DCM Bandits: Learning to Rank with Multiple Clicks
This work addresses the challenge of optimizing search engine recommendations for users who click multiple times, providing a practical solution for improving ranking systems in information retrieval.
The paper tackles the problem of online learning to rank with multiple clicks under the dependent click model (DCM), where a user clicks on attractive items until satisfied, and proposes the dcmKL-UCB algorithm that achieves regret-optimal performance with gap-dependent upper bounds and matching lower bounds, showing effectiveness on synthetic and real-world data even under model misspecification.
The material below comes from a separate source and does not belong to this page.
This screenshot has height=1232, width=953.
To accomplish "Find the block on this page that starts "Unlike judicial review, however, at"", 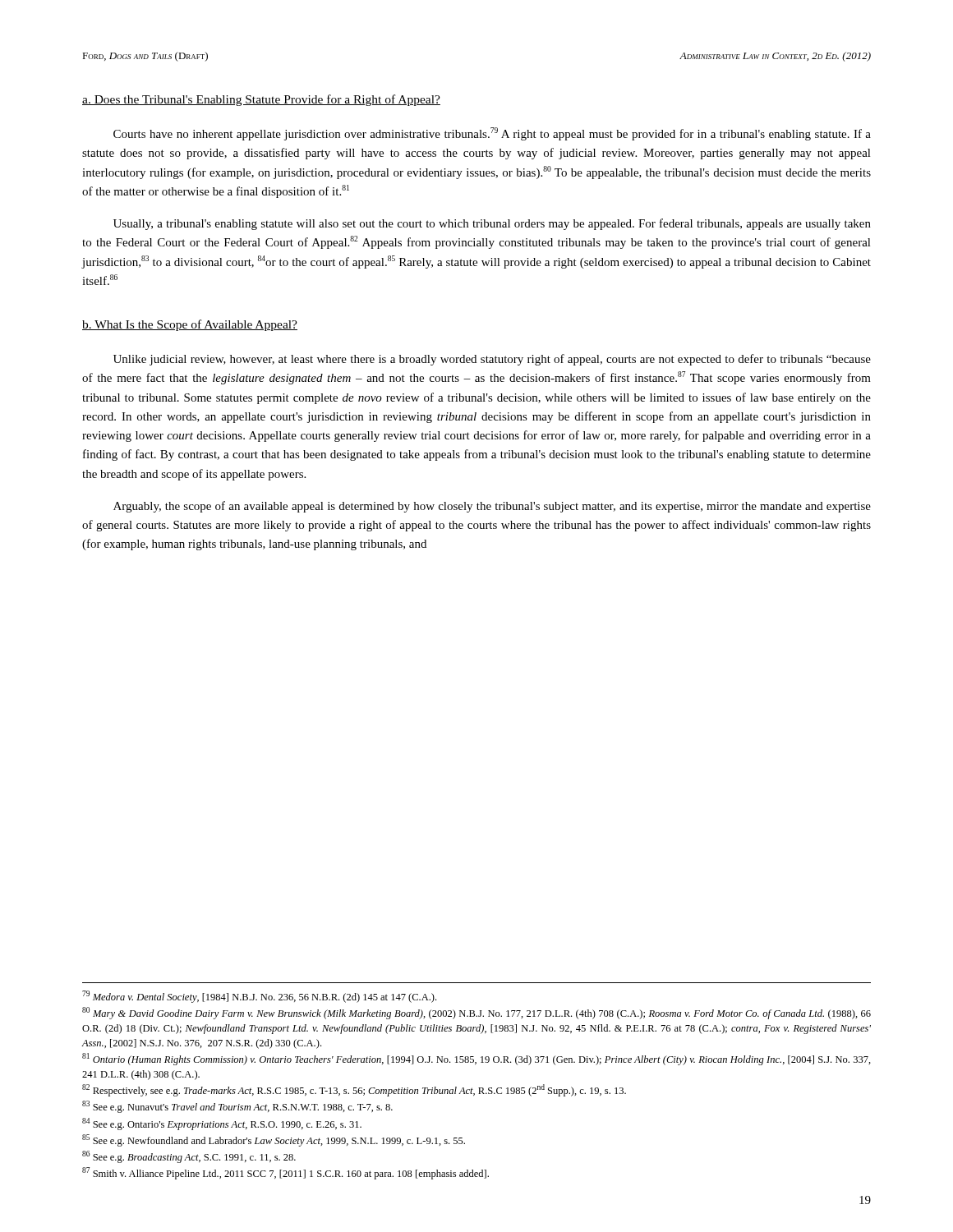I will pos(476,452).
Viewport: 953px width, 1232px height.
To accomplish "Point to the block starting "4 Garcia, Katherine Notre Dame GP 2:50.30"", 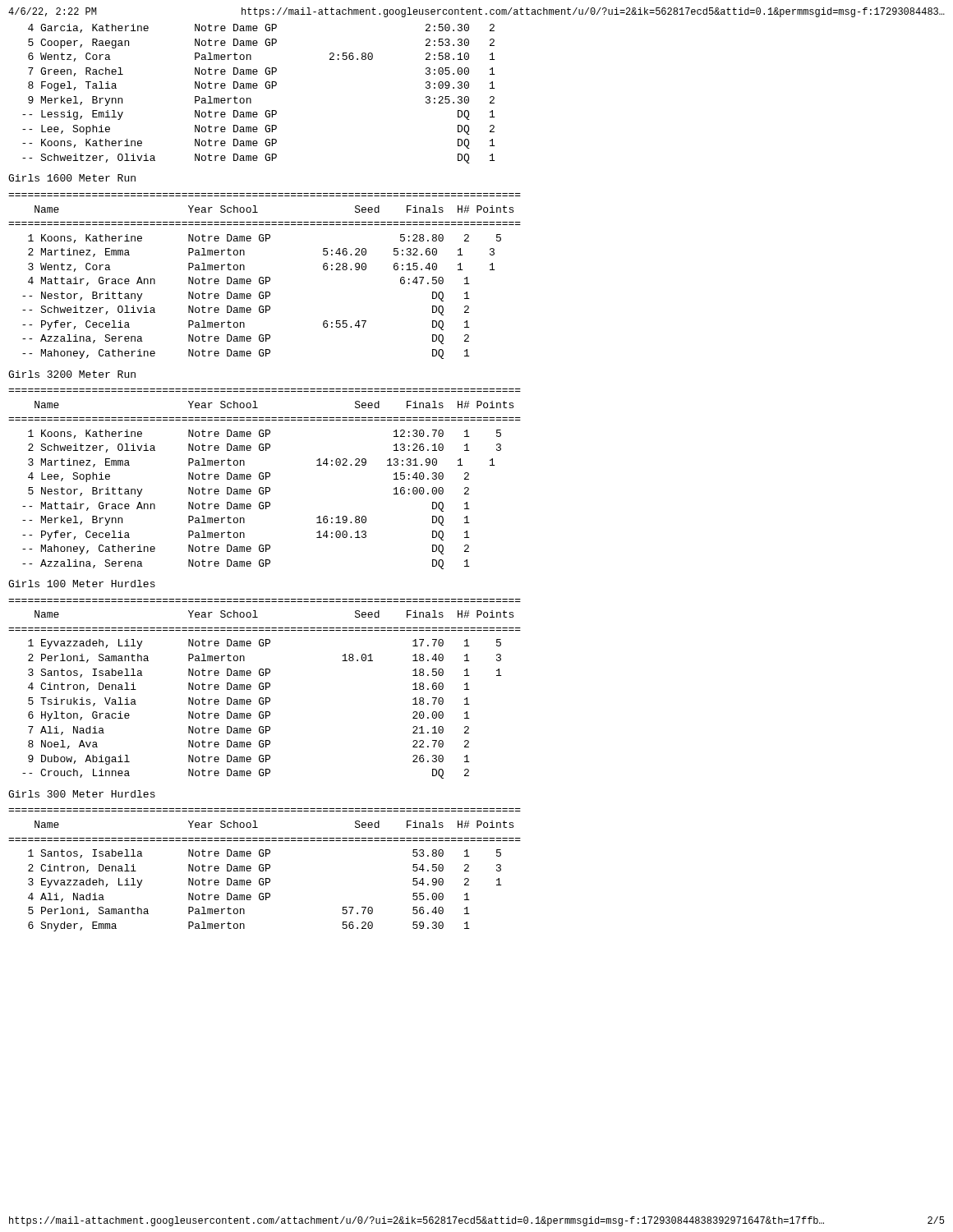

A search engine recommends to the user a list of web pages. The user examines this list, from the first page to the last, and clicks on all attractive pages until the user is satisfied. This behavior of the user can be described by the dependent click model (DCM). We propose DCM bandits, an online learning variant of the DCM where the goal is to maximize the probability of recommending satisfactory items, such as web pages. The main challenge of our learning problem is that we do not observe which attractive item is satisfactory. We propose a computationally-efficient learning algorithm for solving our problem, dcmKL-UCB; derive gap-dependent upper bounds on its regret under reasonable assumptions; and also prove a matching lower bound up to logarithmic factors. We evaluate our algorithm on synthetic and real-world problems, and show that it performs well even when our model is misspecified. This work presents the first practical and regret-optimal online algorithm for learning to rank with multiple clicks in a cascade-like click model.